Endocrinology Unit (L.I.), Hospital Sant Joan de Déu, University of Barcelona, 08950 Barcelona, Spain; Medical Research Council Epidemiology Unit (K.O.), Cambridge CB2 2QQ, United Kingdom; Department of Paediatrics (K.O., D.B.D.), University of Cambridge, Cambridge CB2 1TN, United Kingdom; and Department of Pediatrics (F.d.Z.), University of Leuven, B-3000 Leuven, Belgium

Address all correspondence and requests for reprints to: Lourdes Ibáñez, M.D., Ph.D., Endocrinology Unit, Hospital Sant Joan de Déu, University of Barcelona, Passeig de Sant Joan de Déu, 2, 08950 Esplugues, Barcelona, Spain. E-mail: libanez{at}hsjdbcn.org.

	Abstract

Top Abstract Introduction Subjects and Methods Results Discussion References

 
Context and Objective: Low birth weight followed by rapid postnatal weight gain is associated with long-term risks for central obesity and insulin resistance. However, the timing of these changes is unclear.

Setting, Design, and Patients: This was a longitudinal cohort study in low birth weight (SGA; birth weight < –2 SD; n = 29) and normal birth weight (AGA; n = 22) children from Barcelona.

Main Outcome Measures: Body composition, by dual-energy x-ray absorptiometry scan, and insulin sensitivity, assessed longitudinally at ages 2, 3, and 4 yr, were measured.

Results: Mean height, weight, and body mass index at ages 2, 3, and 4 yr were not different between SGA and AGA children.

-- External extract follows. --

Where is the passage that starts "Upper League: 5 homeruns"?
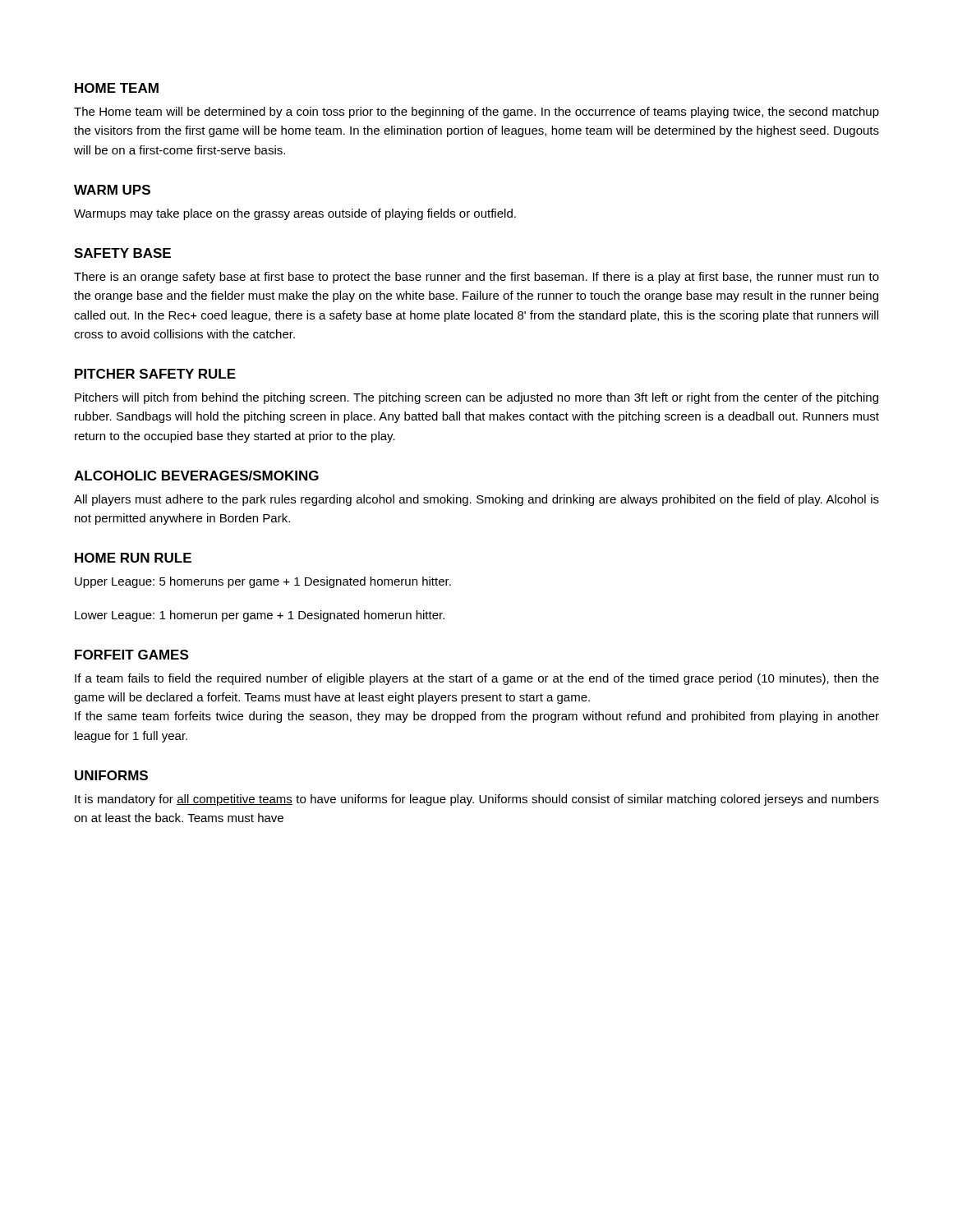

At age 2 yr, SGA children had similar body composition but were more insulin sensitive than AGA children and had lower serum IGF-I levels and lower neutrophil counts. Between ages 2 and 4 yr, despite similar gains in weight and body mass index, SGA children gained more abdominal fat and body adiposity and less lean mass than AGA children; by age 4 yr, SGA children had greater adiposity, insulin resistance, and higher neutrophil counts than AGA children (P = 0.01–0.0004). In SGA children, total and abdominal fat mass at 4 yr was more closely related to rate of weight gain between 0 and 2 yr (P = 0.002–0.0003) than between 2 and 4 yr (P = 0.04–0.1).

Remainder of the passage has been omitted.